Pelosi reportedly got the idea to delay handing over the articles from a December television appearance by John Dean on CNN, where he is a regular commentator. Considered by some to be the “hero of Watergate” and by others to be a shameless opportunist, the man known by the FBI as “the master manipulator of the cover-up” has spent the subsequent decades deeming scandals in the administrations of Presidents Ronald Reagan, George W. Bush, and Trump including the “worse than Watergate” — including the Ukraine saga.

Dean, 81, was embroiled in the Watergate scandal during the early 1970s. He turned on his co-conspirators in exchange for a plea deal and a short prison stint, becoming the star witness in the impeachment proceedings that forced Nixon to resign.

Parnas, through his attorney Joseph Bondy, pushed for weeks to get permission from the courts to hand over records. Bondy mounted a social media campaign to allow his client to take the spotlight and share information in the upcoming Senate impeachment trial.

Dean tweeted about Parnas in December, pointing to his contributions to Republicans and hinting at a sinister Russian conspiracy.

“Lev Parnas is a contributor to Kevin McCarthy — looks like the Minority Leader is in the Ukraine loop,” Dean wrote. “When will Rudy show up in his phone records? It is as if Putin has taken control of the GOP. What in hell are they doing? Will a reporter please ask him?”

Parnas’s lawyer has used his rapidly growing social media platform to proclaim his client’s desire to share what he knows, employing the hashtags #LetLevSpeak and #LevRemembers, as he says Parnas “remains committed to testifying as to all the actions he took in Ukraine on behalf of President Trump.” Bondy has released viral videos trolling Trump, his family, and other Republicans with guilt by association.

Neal Katyal, the acting solicitor general during the Obama administration, wrote in the Washington Post on Wednesday that “these new documents demolish at least three key defenses to which Trump and his allies have been clinging: that he was really fighting corruption when he pressured Ukraine on matters related to the Biden family; that Hunter Biden should be called as a witness at the Senate impeachment trial; and that there’s no need for a real, honest-to-goodness trial in the Senate.”

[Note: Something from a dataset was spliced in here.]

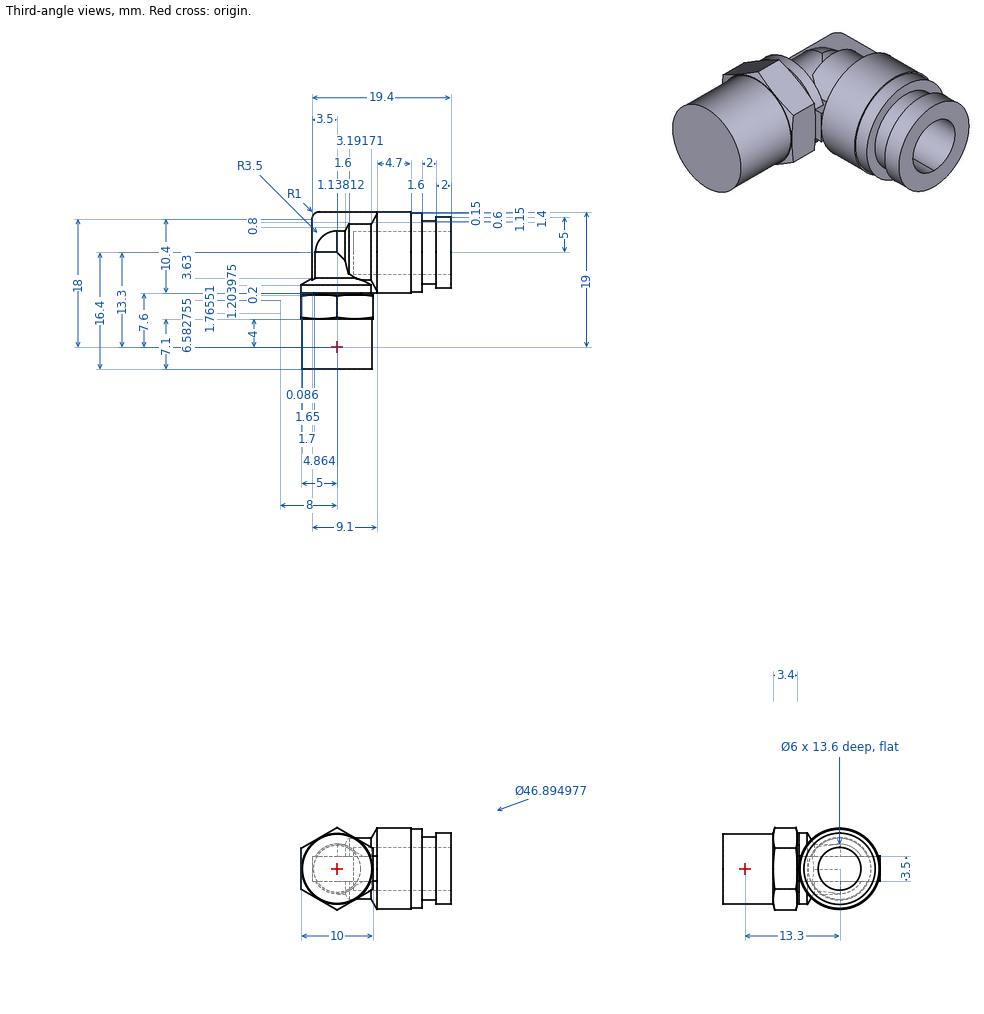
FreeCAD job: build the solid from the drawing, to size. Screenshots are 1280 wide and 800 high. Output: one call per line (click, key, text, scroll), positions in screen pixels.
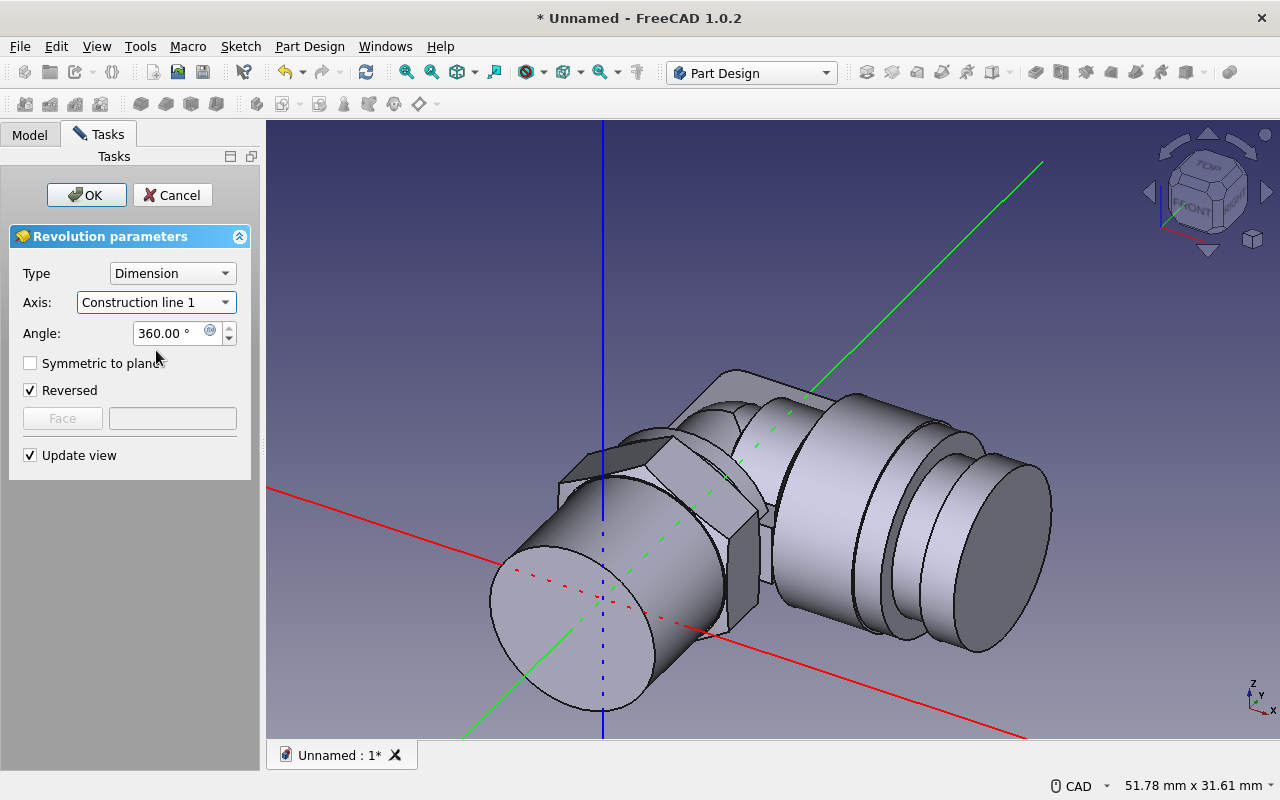
click(87, 195)

Prosecutors say that in 2018, Parnas and Fruman falsely claimed that hundreds of thousands of dollars in campaign contributions came from General Energy Partners, purportedly a natural gas energy company. In reality, the money was funneled through the company to conceal foreign donors. The duo gave $325,000 to America First Action, a pro-Trump super PAC.

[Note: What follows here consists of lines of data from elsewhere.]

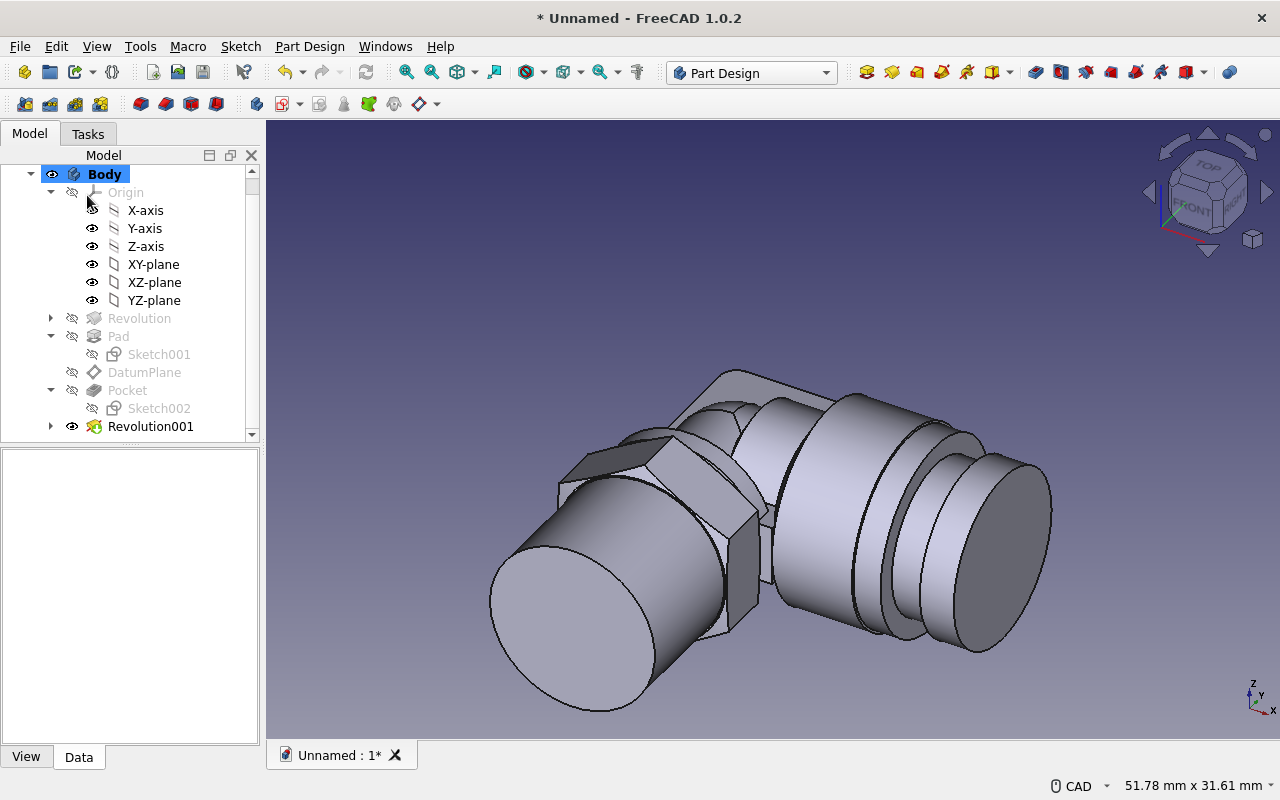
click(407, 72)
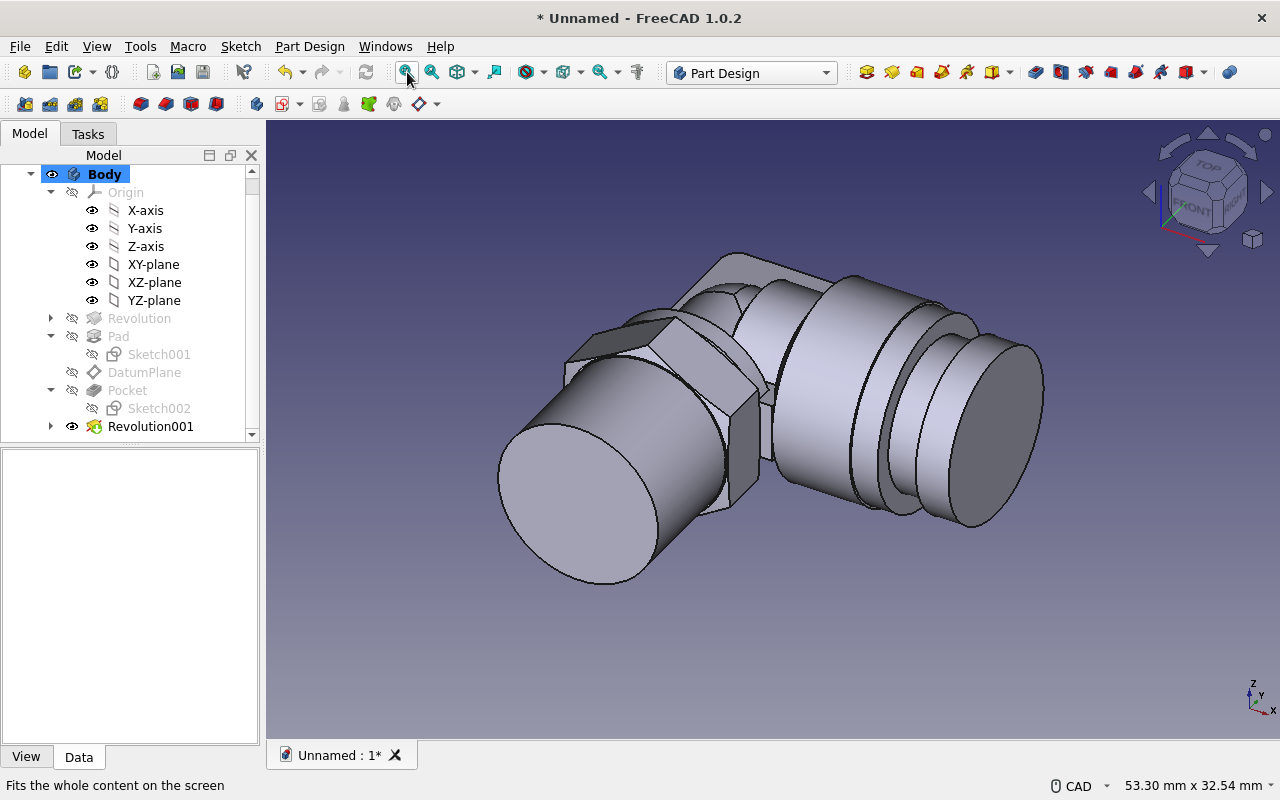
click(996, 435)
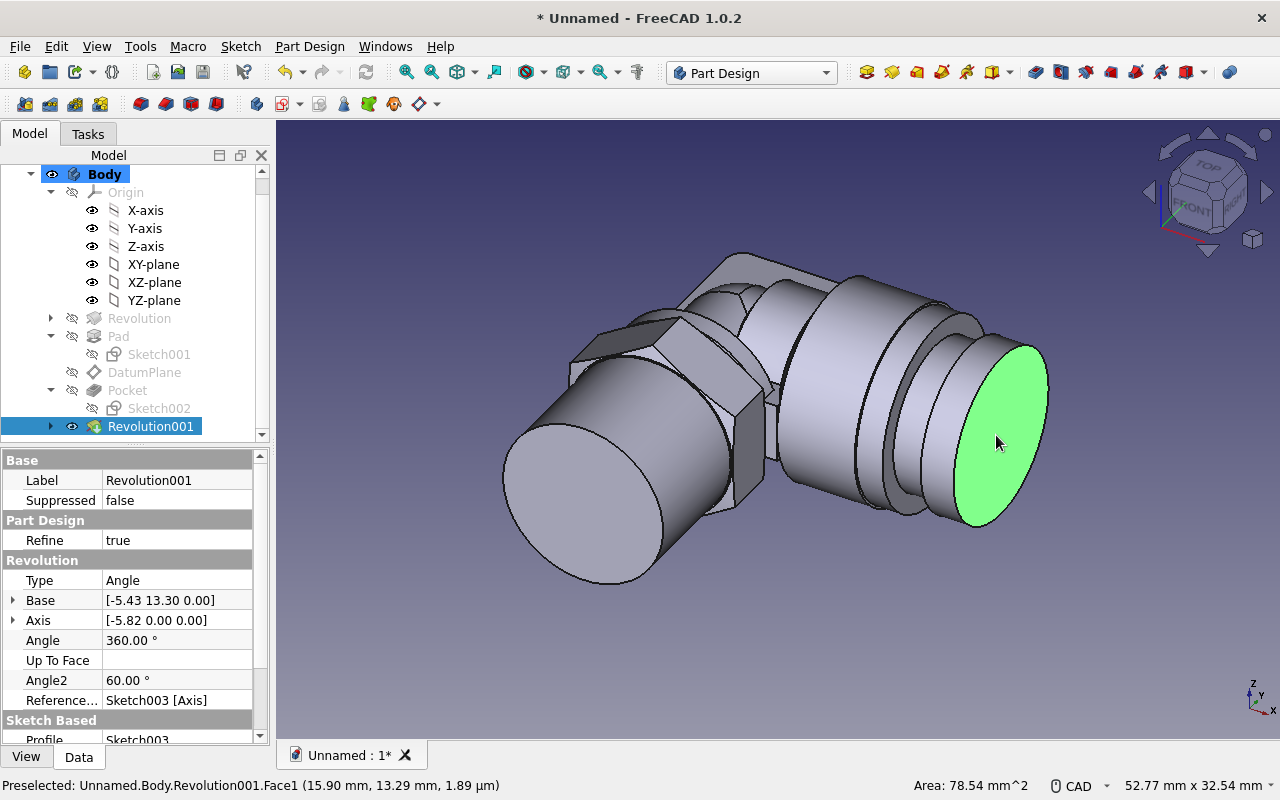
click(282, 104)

Prosecutors claimed that “these contributions were made for the purpose of gaining influence with politicians so as to advance their own personal financial interests and the political interests of Ukrainian government officials.” The charges relate to a conspiracy to obstruct the Federal Election Commission, a conspiracy to defraud the U.S., making false statements to investigators, and the creation of a false entity to obstruct an investigation.

A newly released photograph of alleged meeting notes taken by Parnas on stationary from the Ritz Carlton in Vienna, Austria, detail Giuliani’s plan to “get [Zelensky] to announce that the Biden case will be investigated.” Prosecutors revealed Parnas received a $1 million loan from Ukrainian oligarch Dmytro Firtash, who is mentioned in the new document. Firtash has fought the Justice Department’s efforts to extradite him to the U.S. from Vienna for years. Parnas was arrested in October at Dulles Airport with a ticket to the Austrian capital.